“To teach, or not to teach” is increasingly the question in the nascent but rapidly expanding microfinance industry. Each microfinance bank must decide whether it wants to offer free business training/education/consulting to its borrowers. While the exact business model varies by bank and by region, microfinance banks generally make small, unsecured loans to poor people to enable them to start (or expand) their own businesses. The capitalistic undertones, empowerment of the underserved individuals, and solid financial results have made microfinance a darling of the development community in recent years. Industry leaders have been split, however, on the importance of providing free business training along with each loan.
As a practitioner in the industry (I work at a private equity fund that purchases and manages microfinance banks around the world), I have spent not a small amount of time spinning my proverbial wheels on this question. My initial reaction, as an unfettered, starry-eyed believer in the power of education, is that education is good and the more the better. But upon further reflection and study, I have found this proclivity challenged.
First, I should clarify what I mean by “business training” and “education”. All (good) microfinance loan officers do a fair amount of hands-on training as part of the credit approval and monitoring process. This tends to include covering basic accounting/bookkeeping and assessing the borrower’s business concept. Additionally, and perhaps more importantly, where the bank’s lending model is focused on groups (one large loan given to a group of 6-12 people who have joint liability for the total sum and meet once every week or two), the group serves as a valuable sounding board and learning tool for each of its members. The business training that is being debated is in addition to this; it aims to give potential entrepreneurs ideas about what types of businesses they could start and/or directs existing ones about how they can grow or change.
While on the surface, this seems like a great idea, it also suggests a certain hubris or arrogance on our part. Who are we to tell a small-scale entrepreneur in Cambodia what he or she should make, sell, plant, or distribute? It raises the question of what that capitalistic spirit we love so much really means – is it something inherent in each of us or does it have to be taught? The inventiveness and brilliance exhibited by many of the entrepreneurs, without any help from “us” other than enabling through passive capital, is a humbling thing. Who knows the local markets and local customers better than the locals themselves?
Many of the behemoths in the industry, from Mohammud Yunnus of Grameen, to Vickram Akula of SKS in India, to Compartamos in Mexico, have resisted the lure of suggesting what their clients should do with their loans.

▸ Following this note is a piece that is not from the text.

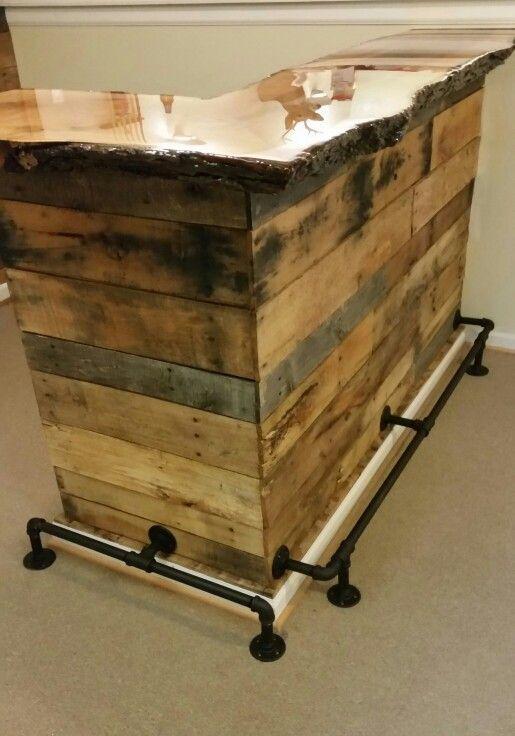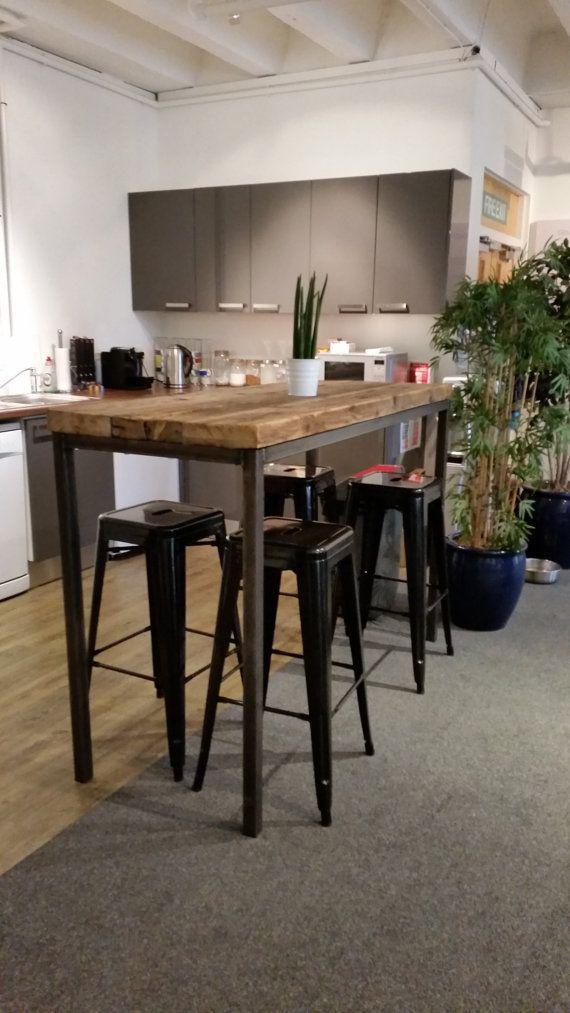The first image is the image on the left, the second image is the image on the right. Considering the images on both sides, is "There is a total of three green barrell with a wooden table top." valid? Answer yes or no. No. The first image is the image on the left, the second image is the image on the right. For the images shown, is this caption "There are three green drums, with a wooden table running across the top of the drums." true? Answer yes or no. No.

What if the idea provided fails and the client defaults? Is the client really to blame if it came from the bank’s own educator?
Furthermore, providing free education is a considerable expense that a bank could be putting towards underwriting more loans or reducing the interest rates it charges its customers. At its core, a bank’s core competence should be analyzing and pricing credit; I believe it provides its most precious, long-term public good by being the best allocator of capital it can be.
I’m not implying that education isn’t critically important; I believe the development of education systems in lesser-developed countries is key to their ultimate success. But I don’t think that a bank should be the educator. I was dismayed by a recent NY Times article titled, “Lending Talent, and Money, on a Micro Scale,” which if you read it will leave you with a warm and fuzzy feeling about how great “we” are at educating the poor. Are there cases where business education has helped? Absolutely; just be wary of the self-affirming mindset that we know best.